Hallucination Rates Across Domain-Specific LLM Fine-Tuning: A Systematic Evaluation
Main article
Abstract
Hallucination — the generation of factually incorrect, fabricated, or internally inconsistent text by large language models — is one of the most practically consequential failure modes in LLM deployment. Fine-tuning on domain-specific data is widely used to improve LLM performance in specialised domains, but the relationship between fine-tuning and hallucination rates is poorly characterised.

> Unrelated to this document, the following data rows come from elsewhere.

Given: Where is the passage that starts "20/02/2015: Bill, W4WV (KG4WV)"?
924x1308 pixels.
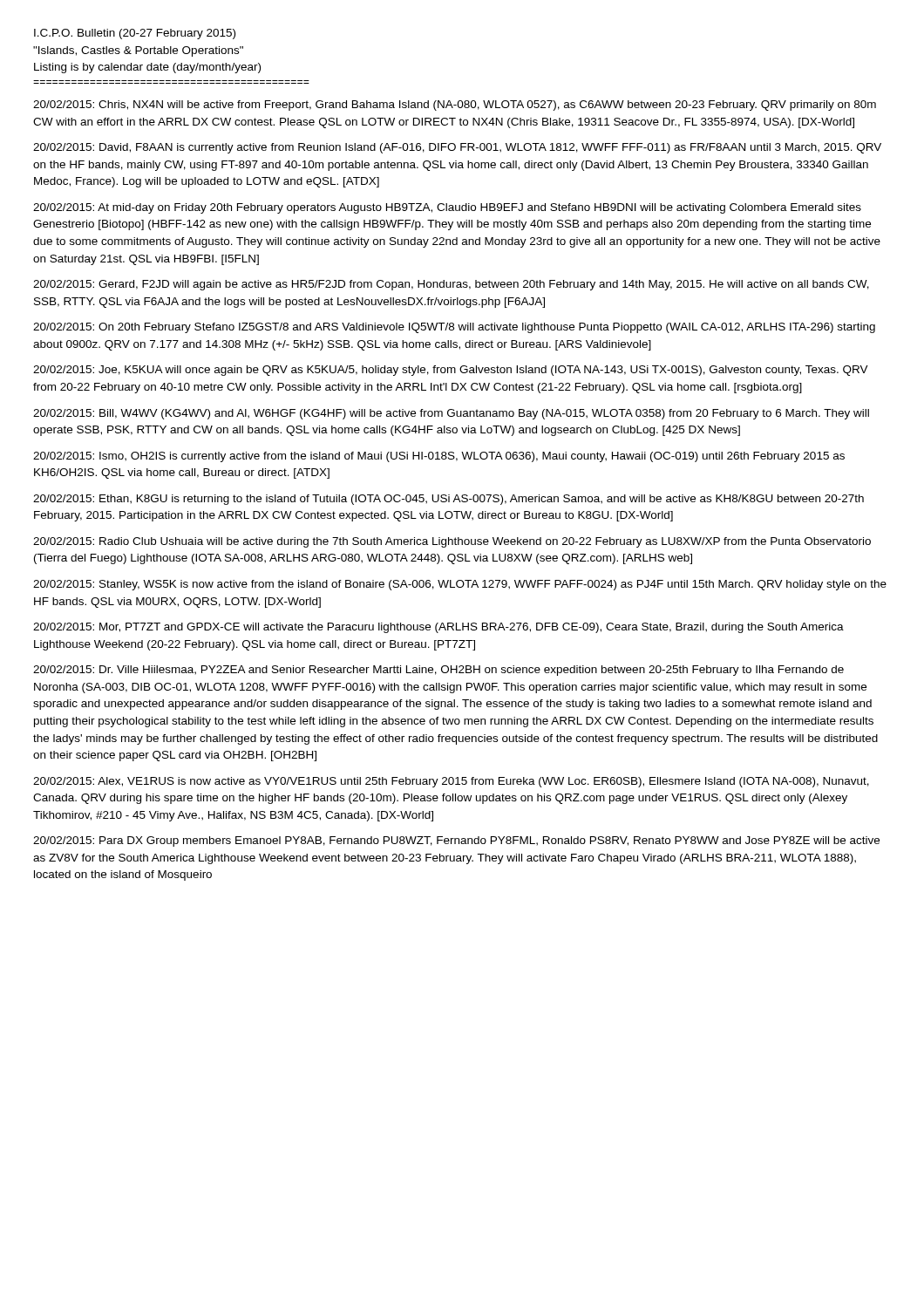Looking at the screenshot, I should click(x=451, y=421).
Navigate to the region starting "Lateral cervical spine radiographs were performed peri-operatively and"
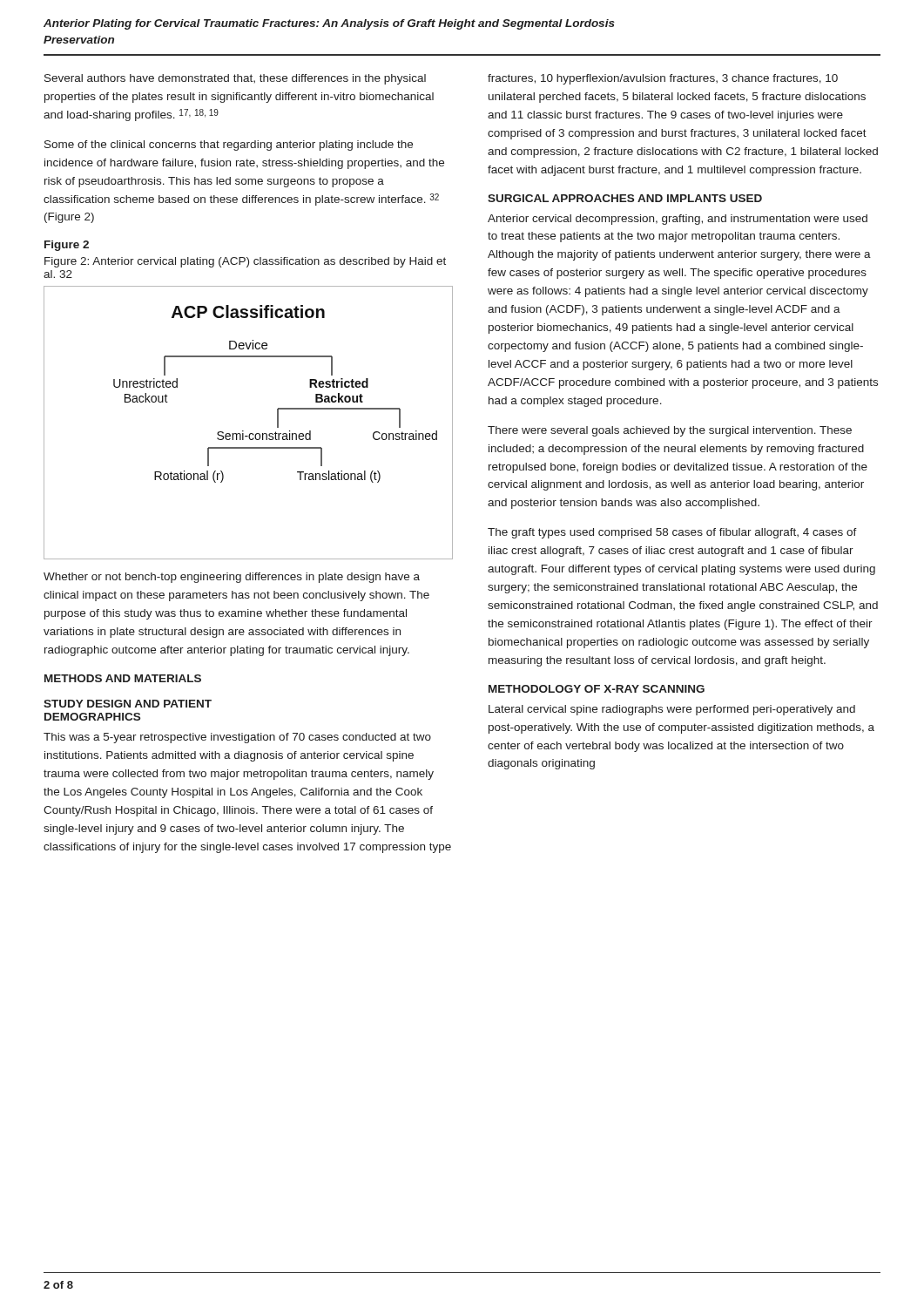 [681, 736]
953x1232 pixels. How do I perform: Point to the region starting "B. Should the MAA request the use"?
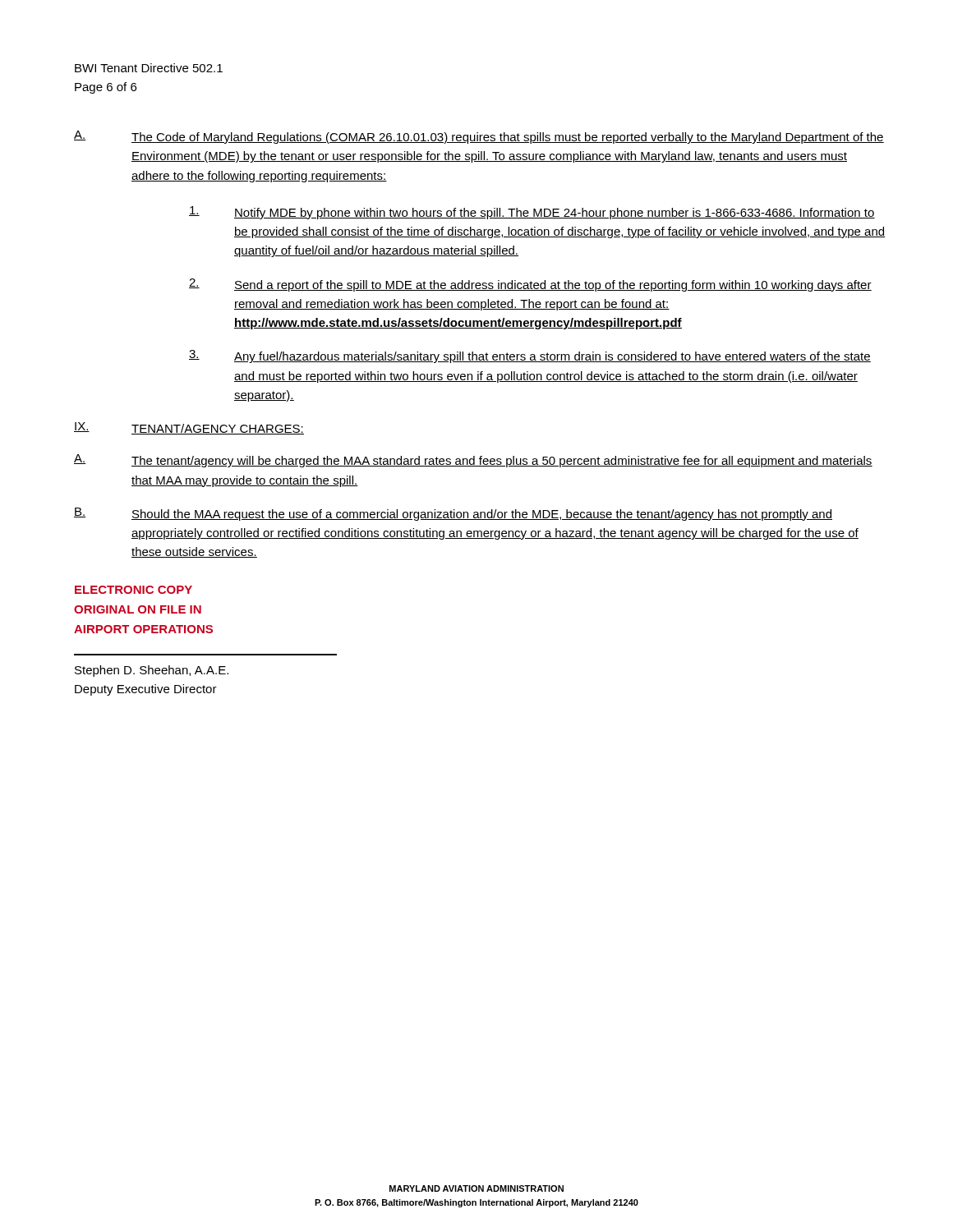(481, 533)
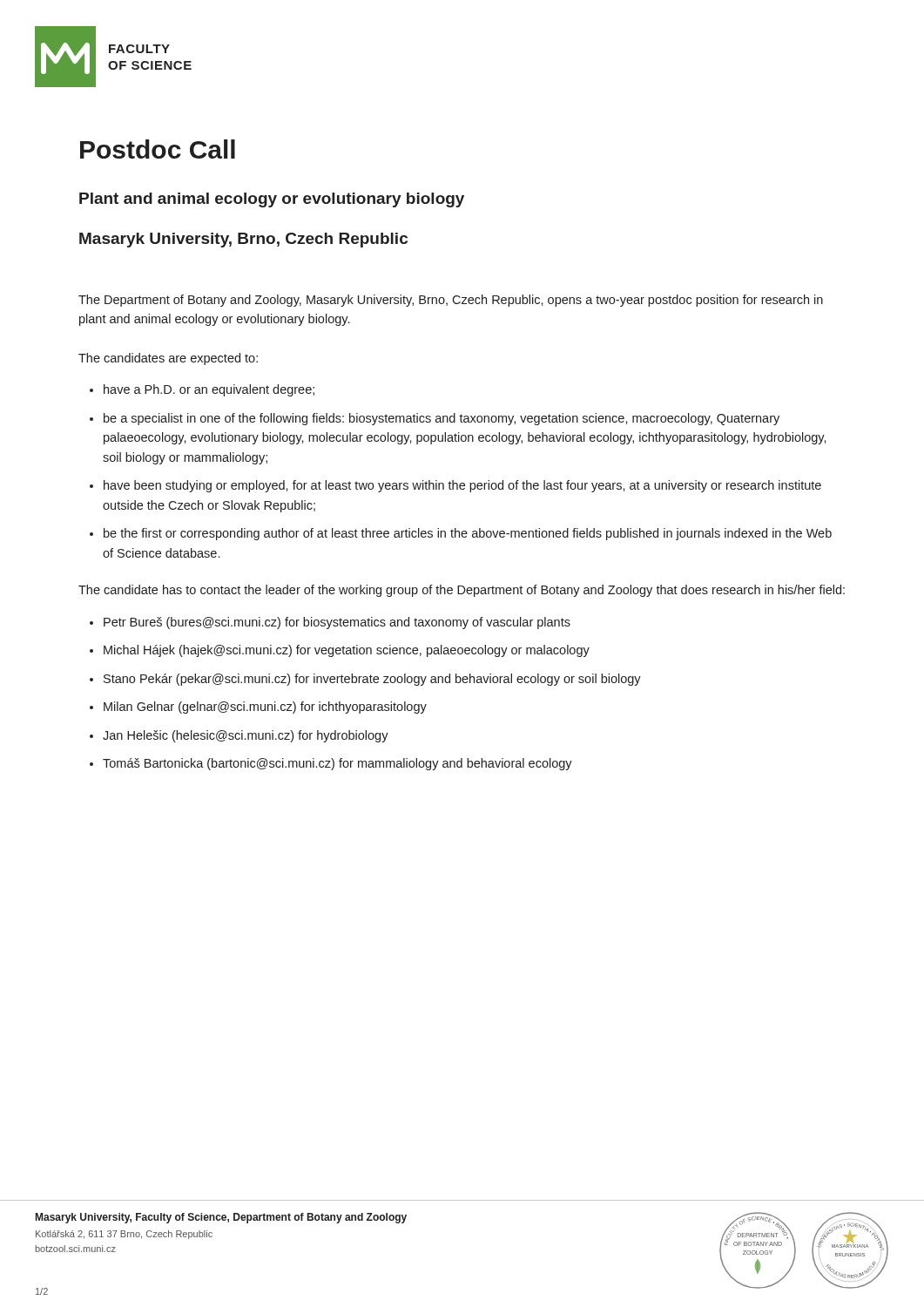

This paper presents a systematic evaluation of hallucination rates before and after domain-specific fine-tuning across four domains (biomedical, legal, financial, and software engineering) and three base models (Llama-3.1-8B, Mistral-7B-v0.3, and Qwen2.5-7B). We use a three-component hallucination taxonomy — factual hallucination, entity hallucination, and reasoning hallucination — and evaluate each component using a combination of automated fact-checking pipelines and expert annotation. Counter to the common assumption that fine-tuning on domain data reduces hallucination by reinforcing factual associations, we find that fine-tuning on high-quality but narrow domain corpora frequently increases entity and reasoning hallucination rates even when factual hallucination rates decrease. We link this phenomenon to a degradation in world-model breadth during fine-tuning and provide evidence that the effect is modulated by the ratio of domain-specific to general knowledge in the fine-tuning data mix.